ObsErrorModelStepwiseLinear¶
This routine was designed to mimic the GSI fix-file of prepobs_errtable.txt
.
The function operates similarly to ObsErrorModelRamp
. The input is a vector
of x-values (e.g. pressures) and corresponding vector of obserrors, using required
parameters of xvals
and errors
respectively. These vectors must
be the same length. Interpolation in X-coordinate requires the value of X for which
the output, Y, is calculated using linear interpolation of obserrors between the steps.

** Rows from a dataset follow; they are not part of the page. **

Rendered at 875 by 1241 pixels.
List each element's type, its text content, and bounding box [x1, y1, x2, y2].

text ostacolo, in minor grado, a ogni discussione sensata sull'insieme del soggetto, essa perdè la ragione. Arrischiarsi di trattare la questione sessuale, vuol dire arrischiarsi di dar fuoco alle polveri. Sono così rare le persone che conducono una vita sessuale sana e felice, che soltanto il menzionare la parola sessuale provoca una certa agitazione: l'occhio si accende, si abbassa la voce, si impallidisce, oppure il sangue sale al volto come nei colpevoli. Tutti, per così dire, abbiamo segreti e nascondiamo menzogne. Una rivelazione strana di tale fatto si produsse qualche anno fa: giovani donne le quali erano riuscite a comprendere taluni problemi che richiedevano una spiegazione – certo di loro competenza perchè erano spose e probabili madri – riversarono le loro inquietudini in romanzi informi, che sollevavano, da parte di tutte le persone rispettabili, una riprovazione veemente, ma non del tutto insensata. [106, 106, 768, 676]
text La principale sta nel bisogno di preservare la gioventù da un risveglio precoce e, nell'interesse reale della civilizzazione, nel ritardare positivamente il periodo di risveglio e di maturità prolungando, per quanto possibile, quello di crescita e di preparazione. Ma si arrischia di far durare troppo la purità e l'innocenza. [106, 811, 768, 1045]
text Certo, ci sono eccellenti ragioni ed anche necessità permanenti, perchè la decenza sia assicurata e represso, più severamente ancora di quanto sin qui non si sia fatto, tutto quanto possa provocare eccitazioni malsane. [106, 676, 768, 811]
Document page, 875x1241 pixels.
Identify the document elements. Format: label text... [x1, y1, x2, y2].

Logically, the X-coordinate variable (using the required parameter xvar
and
associated name
) clearly matches the list of xvals
, and, although the
example shown (below) is pressure, it can easily be height/altitude or temperature or
another variable. A diagram is used to help explain with the calculated value of
obsError shown as the asterisk corresonding to the observed value of p-star shown on
the X-axis. Any observed value of xvar
less (or greater) than the endpoints
in the vector xvals
takes the constant value at the appropriate end of the
vector. The list of xvals
must be given in either ascending or descending
order with no consecutive constant values, however the errors
vector may contain
any mixture, thereby permitting almost any functional form such as relatively high
ObsError near the surface, decreasing to lower (or constant) values in middle-atmosphere,
and increasing again in the upper atmosphere.

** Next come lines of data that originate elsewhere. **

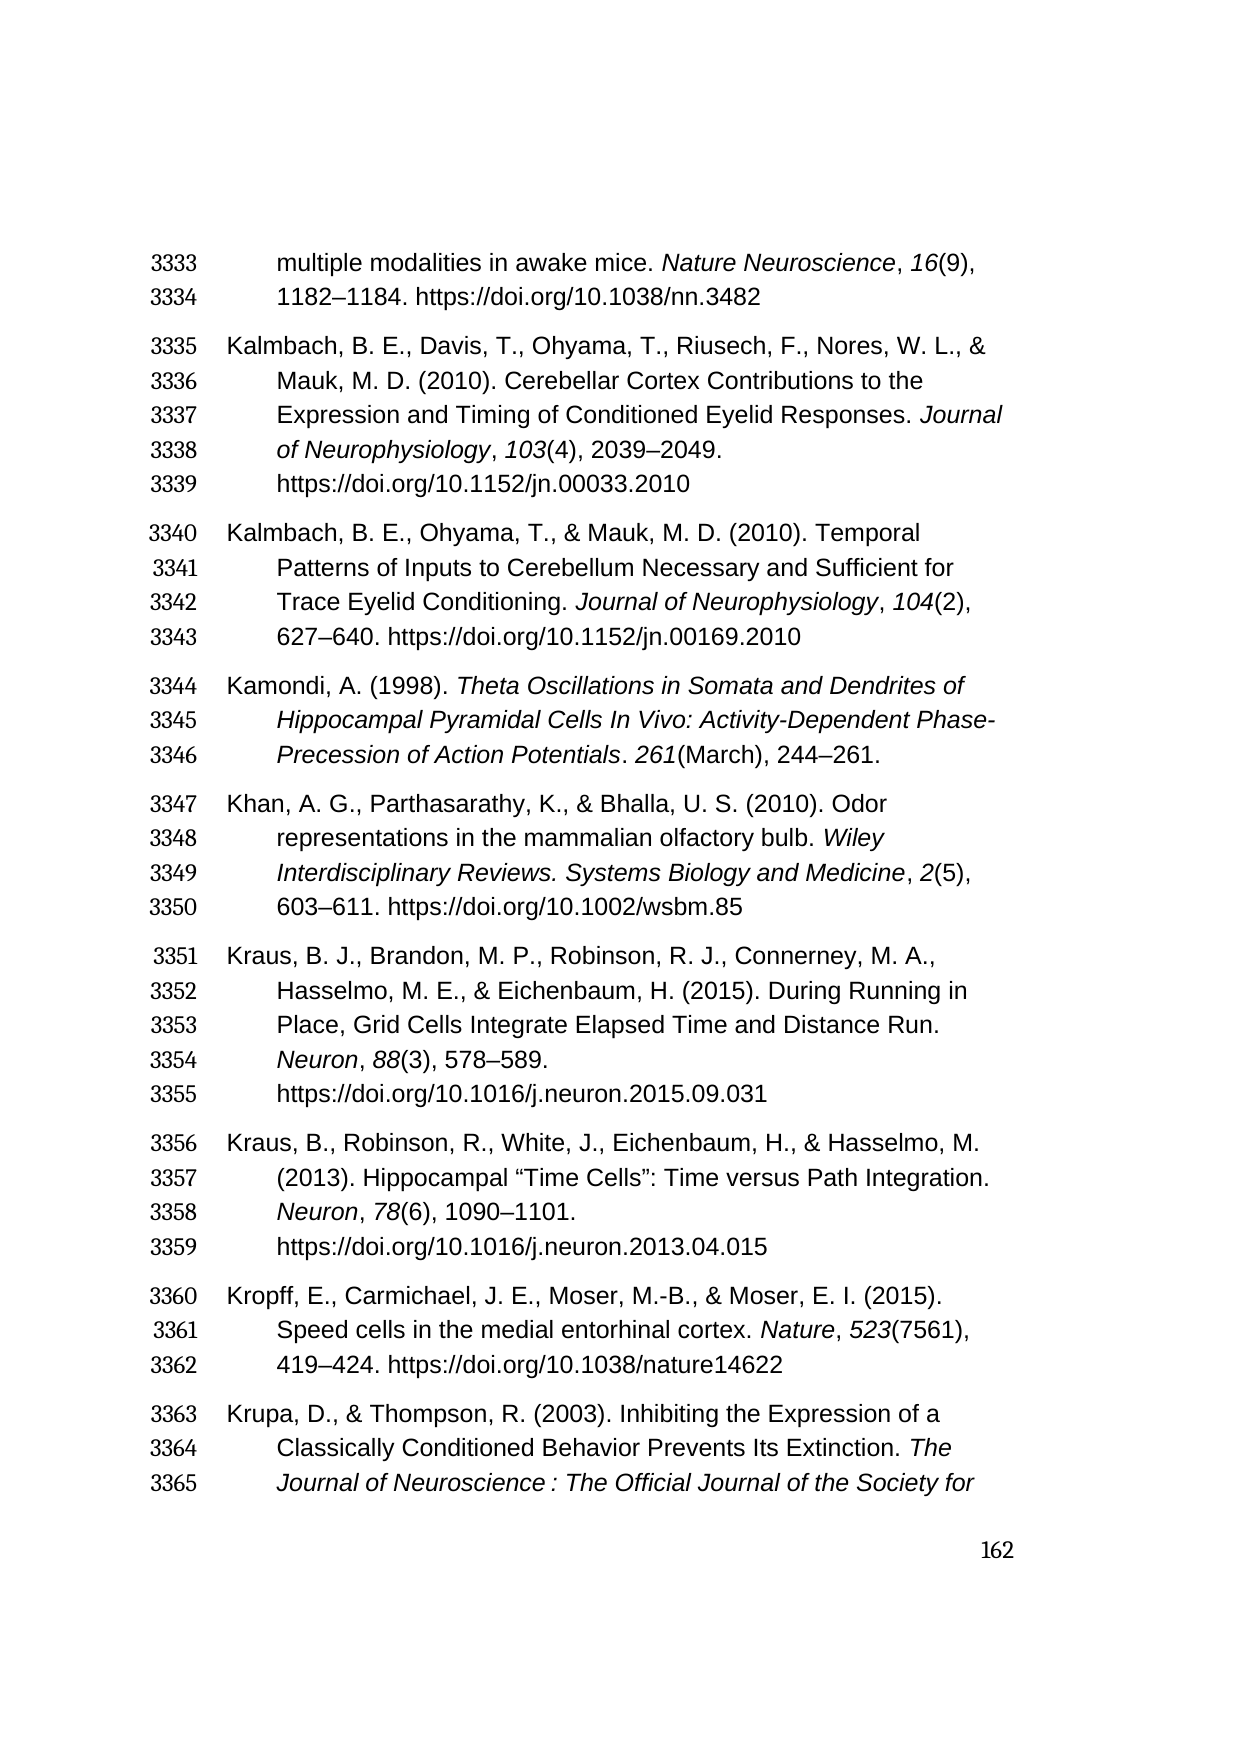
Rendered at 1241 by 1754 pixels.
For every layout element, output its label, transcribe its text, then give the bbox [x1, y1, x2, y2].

text Kalmbach, B. E., Ohyama, T., & Mauk, M. D. (2010). Temporal Patterns of Inputs to Cerebellum Necessary and Sufficient for Trace Eyelid Conditioning. Journal of Neurophysiology, 104(2), 627–640. https://doi.org/10.1152/jn.00169.2010 [226, 518, 1014, 650]
text Kamondi, A. (1998). Theta Oscillations in Somata and Dendrites of Hippocampal Pyramidal Cells In Vivo: Activity-Dependent Phase-Precession of Action Potentials. 261(March), 244–261. [226, 671, 1014, 768]
text Kalmbach, B. E., Davis, T., Ohyama, T., Riusech, F., Nores, W. L., & Mauk, M. D. (2010). Cerebellar Cortex Contributions to the Expression and Timing of Conditioned Eyelid Responses. Journal of Neurophysiology, 103(4), 2039–2049. https://doi.org/10.1152/jn.00033.2010 [226, 331, 1014, 498]
text Khan, A. G., Parthasarathy, K., & Bhalla, U. S. (2010). Odor representations in the mammalian olfactory bulb. Wiley Interdisciplinary Reviews. Systems Biology and Medicine, 2(5), 603–611. https://doi.org/10.1002/wsbm.85 [226, 789, 1014, 921]
text Kraus, B., Robinson, R., White, J., Eichenbaum, H., & Hasselmo, M. (2013). Hippocampal “Time Cells”: Time versus Path Integration. Neuron, 78(6), 1090–1101. https://doi.org/10.1016/j.neuron.2013.04.015 [226, 1128, 1014, 1260]
text multiple modalities in awake mice. Nature Neuroscience, 16(9), 1182–1184. https://doi.org/10.1038/nn.3482 [226, 248, 1014, 311]
text Kropff, E., Carmichael, J. E., Moser, M.-B., & Moser, E. I. (2015). Speed cells in the medial entorhinal cortex. Nature, 523(7561), 419–424. https://doi.org/10.1038/nature14622 [226, 1281, 1014, 1378]
text Krupa, D., & Thompson, R. (2003). Inhibiting the Expression of a Classically Conditioned Behavior Prevents Its Extinction. The Journal of Neuroscience : The Official Journal of the Society for [226, 1399, 1014, 1496]
text Kraus, B. J., Brandon, M. P., Robinson, R. J., Connerney, M. A., Hasselmo, M. E., & Eichenbaum, H. (2015). During Running in Place, Grid Cells Integrate Elapsed Time and Distance Run. Neuron, 88(3), 578–589. https://doi.org/10.1016/j.neuron.2015.09.031 [226, 941, 1014, 1108]

If the optional “scale_factor_var” exists, then the final output obserr is calculated as a result of linear interpolation of errors times the scale_factor_var. An example of such usage is RH obserror values between zero and one multiplied by ObsValue/specificHumidity for final ObsError.
+ err_n o-----
| /
+ err_n-1 o
| /
obserr * *
| /
| /
err2 + o
| /
| /
err1 + o
|--/
err0 +-----+------+---------*---+------+------
p_0, p_1, p_2,... p* p_n-1, p_n
There can also be times when it is useful to apply a scaling factor variable (optional yaml
parameter scale_factor_var
) to the ObsError calculated by this function. The best
example is for specificHumidity
which is difficult to assign the exact number for
ObsError whereas Relative Humidity is easier, such as 20% RH ObsError applied between 400
and 200 hPa. This is shown in Example 2 below.
Example 1¶
#### Example for air temperature assigned obserror by pressure (e.g., sonde data) ####
- filter: Perform Action
filter variables:
- name: airTemperature
action:
name: assign error
error function:
name: ObsFunction/ObsErrorModelStepwiseLinear
options:
xvar:
name: ObsValue/pressure
xvals: [110000, 85000, 50000, 25000, 10000, 1] #Pressure (Pa)

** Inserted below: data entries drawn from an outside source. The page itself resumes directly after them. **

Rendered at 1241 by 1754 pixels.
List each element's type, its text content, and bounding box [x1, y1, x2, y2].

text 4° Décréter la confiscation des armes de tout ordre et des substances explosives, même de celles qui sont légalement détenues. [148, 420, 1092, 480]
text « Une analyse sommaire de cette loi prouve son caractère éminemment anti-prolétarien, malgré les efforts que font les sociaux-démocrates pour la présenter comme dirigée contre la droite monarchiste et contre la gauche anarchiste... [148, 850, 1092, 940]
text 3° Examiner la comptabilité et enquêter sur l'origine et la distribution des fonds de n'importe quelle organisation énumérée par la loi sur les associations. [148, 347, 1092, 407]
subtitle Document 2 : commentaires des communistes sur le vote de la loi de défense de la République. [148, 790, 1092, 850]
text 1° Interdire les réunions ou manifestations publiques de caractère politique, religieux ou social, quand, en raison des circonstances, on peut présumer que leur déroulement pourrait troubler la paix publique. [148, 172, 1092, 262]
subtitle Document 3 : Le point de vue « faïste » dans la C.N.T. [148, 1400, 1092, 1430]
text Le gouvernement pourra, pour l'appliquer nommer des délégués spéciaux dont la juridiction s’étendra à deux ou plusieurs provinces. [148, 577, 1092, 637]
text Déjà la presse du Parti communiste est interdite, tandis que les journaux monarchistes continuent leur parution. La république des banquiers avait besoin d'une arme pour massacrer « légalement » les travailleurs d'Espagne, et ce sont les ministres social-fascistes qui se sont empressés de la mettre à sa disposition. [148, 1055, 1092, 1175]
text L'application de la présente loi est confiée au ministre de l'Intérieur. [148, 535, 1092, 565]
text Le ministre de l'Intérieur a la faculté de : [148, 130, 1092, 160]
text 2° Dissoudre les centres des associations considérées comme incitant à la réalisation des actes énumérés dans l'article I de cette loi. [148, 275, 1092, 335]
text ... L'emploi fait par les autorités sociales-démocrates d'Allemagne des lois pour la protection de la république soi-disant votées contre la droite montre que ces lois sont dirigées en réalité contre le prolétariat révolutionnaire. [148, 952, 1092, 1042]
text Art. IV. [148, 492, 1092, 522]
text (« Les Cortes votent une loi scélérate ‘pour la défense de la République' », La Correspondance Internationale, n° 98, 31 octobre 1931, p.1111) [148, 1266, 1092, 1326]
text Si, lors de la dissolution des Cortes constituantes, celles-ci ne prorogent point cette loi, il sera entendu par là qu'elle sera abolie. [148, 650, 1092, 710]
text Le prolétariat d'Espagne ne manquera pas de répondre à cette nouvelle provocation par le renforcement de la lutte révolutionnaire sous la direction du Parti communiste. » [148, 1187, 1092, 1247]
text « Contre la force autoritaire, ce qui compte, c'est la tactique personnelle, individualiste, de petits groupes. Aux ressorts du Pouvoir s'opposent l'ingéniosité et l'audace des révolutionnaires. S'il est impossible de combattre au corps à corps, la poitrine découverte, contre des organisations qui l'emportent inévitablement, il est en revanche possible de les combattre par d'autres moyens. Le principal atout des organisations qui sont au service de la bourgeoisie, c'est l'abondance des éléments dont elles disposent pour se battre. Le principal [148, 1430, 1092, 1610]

errors: [1.1, 1.3, 1.8, 2.4, 4.0, 4.5]
In this example, the assignment of ObsError/airTemperature
will be 1.1 K (constant) for pressures greater than 1100 hPa (none really), linearly increasing from 1.1 K to 1.3 K for pressures between 1100 and 850 hPa, increasing again in the next step from 1.3 to 1.8 K going from pressure of 850 to 500 hPa, etc., until reaching 4.5K by 1 Pa and holding constant for any pressure lower than 1 Pa.
Example 2¶
- filter: Perform Action
filter variables:
- name: specificHumidity
action:
name: assign error
error function:
name: ObsFunction/ObsErrorModelStepwiseLinear
options:
scale_factor_var: ObsValue/specificHumidity
xvar:
name: ObsValue/sstationPressure
xvals: [110000, 105000, 100000, 95000, 90000, 85000, 80000, 75000, 70000, 65000, 60000, 55000,
50000, 45000, 40000, 35000, 30000, 25000, 20000, 15000, 10000, 7500, 5000, 4000, 3000]
errors: [.19455, .19062, .18488, .17877, .17342, .16976, .16777, .16696, .16605, .16522, .16637, .17086,
.17791, .18492, .18996, .19294, .19447, .19597, .19748, .19866, .19941, .19979, .19994, .19999, .2]
In this example, the list of errors is relative humidity as a scaling factor to the specific humidity variable since the two are so closely related.